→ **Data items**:
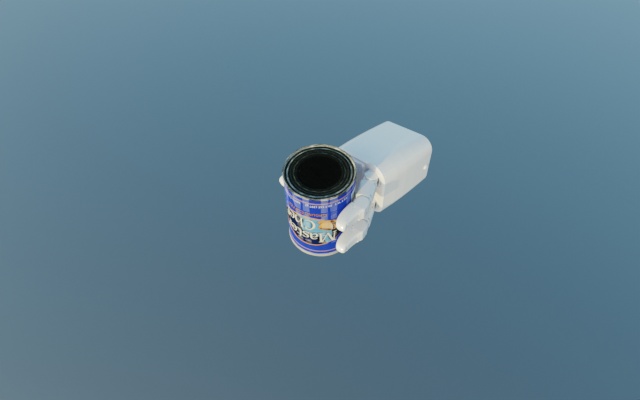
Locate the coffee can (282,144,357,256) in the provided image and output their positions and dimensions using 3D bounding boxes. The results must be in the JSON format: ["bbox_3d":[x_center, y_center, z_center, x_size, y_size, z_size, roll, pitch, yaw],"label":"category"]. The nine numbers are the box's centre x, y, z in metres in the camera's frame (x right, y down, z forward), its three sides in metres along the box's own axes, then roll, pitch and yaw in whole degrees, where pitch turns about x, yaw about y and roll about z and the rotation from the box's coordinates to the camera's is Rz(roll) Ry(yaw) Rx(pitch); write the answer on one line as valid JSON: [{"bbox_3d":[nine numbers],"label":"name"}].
[{"bbox_3d":[0.000,0.002,0.705,0.103,0.102,0.140,0,-38,2],"label":"coffee can"}]
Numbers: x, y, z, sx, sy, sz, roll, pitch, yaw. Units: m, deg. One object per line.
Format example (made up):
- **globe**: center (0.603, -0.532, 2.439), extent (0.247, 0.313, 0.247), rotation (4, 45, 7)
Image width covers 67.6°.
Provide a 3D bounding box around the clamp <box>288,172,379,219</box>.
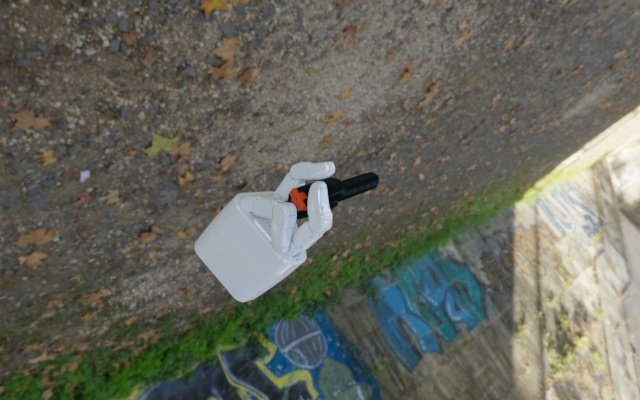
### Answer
- **clamp**: center (0.000, 0.003, 0.654), extent (0.120, 0.039, 0.171), rotation (-42, -19, 29)
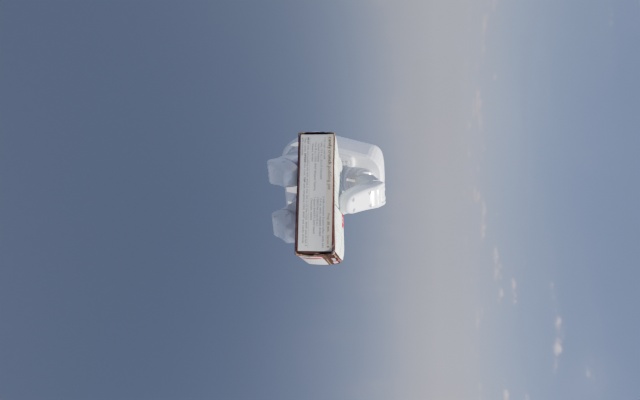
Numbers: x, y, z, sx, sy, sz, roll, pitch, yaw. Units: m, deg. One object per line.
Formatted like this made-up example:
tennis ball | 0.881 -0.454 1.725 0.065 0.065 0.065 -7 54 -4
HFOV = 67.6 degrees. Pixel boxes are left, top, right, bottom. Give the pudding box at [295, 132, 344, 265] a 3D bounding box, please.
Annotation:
pudding box | 0.000 0.001 0.455 0.039 0.113 0.090 -2 -13 7
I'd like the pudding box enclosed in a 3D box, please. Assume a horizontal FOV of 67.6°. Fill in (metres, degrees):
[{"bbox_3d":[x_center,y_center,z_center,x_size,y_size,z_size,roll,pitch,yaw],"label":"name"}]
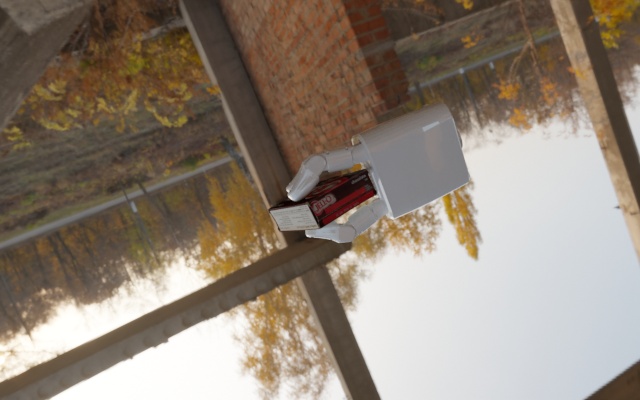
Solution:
[{"bbox_3d":[0.000,0.002,0.578,0.090,0.039,0.113,-29,7,-28],"label":"pudding box"}]
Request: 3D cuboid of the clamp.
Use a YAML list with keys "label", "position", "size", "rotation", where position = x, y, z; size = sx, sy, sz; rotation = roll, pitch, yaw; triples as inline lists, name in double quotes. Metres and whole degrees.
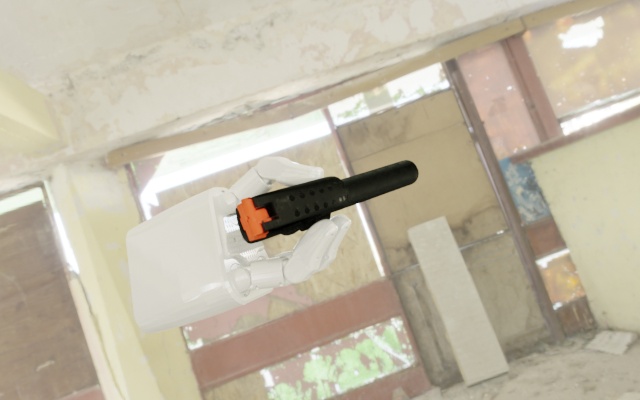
- label: "clamp"
  position: [-0.001, 0.001, 0.415]
  size: [0.164, 0.036, 0.210]
  rotation: [-24, -5, 16]
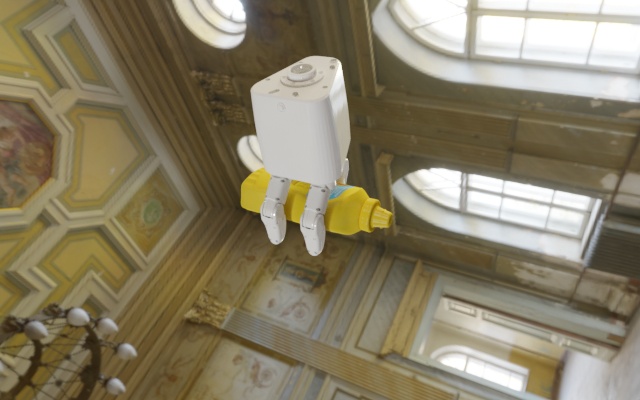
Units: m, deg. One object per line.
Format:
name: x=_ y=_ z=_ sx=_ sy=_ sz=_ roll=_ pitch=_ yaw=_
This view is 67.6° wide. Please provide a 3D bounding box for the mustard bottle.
mustard bottle: x=0.000 y=0.002 z=0.614 sx=0.191 sy=0.058 sz=0.096 roll=14 pitch=20 yaw=25
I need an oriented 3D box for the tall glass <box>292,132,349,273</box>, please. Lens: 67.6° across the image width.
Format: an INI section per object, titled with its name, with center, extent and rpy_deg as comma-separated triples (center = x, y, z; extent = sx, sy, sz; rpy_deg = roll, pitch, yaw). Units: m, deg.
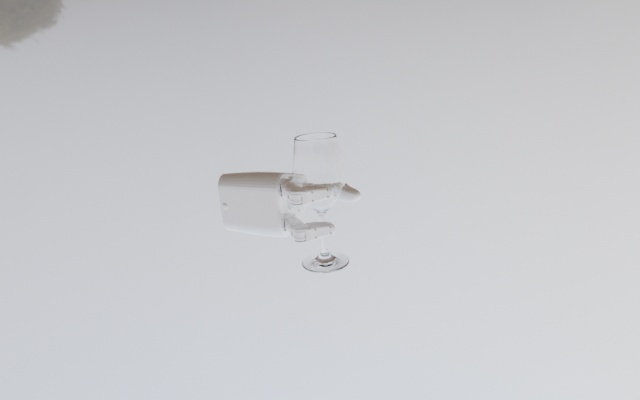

→ **WORK ORDER**: Please return every line of the records that contains the word "width".

→ **REPLY**:
Image width covers 67.6°.
I need an oriented 3D box for the tall glass <box>292,132,349,273</box>, please. Lens: 67.6° across the image width.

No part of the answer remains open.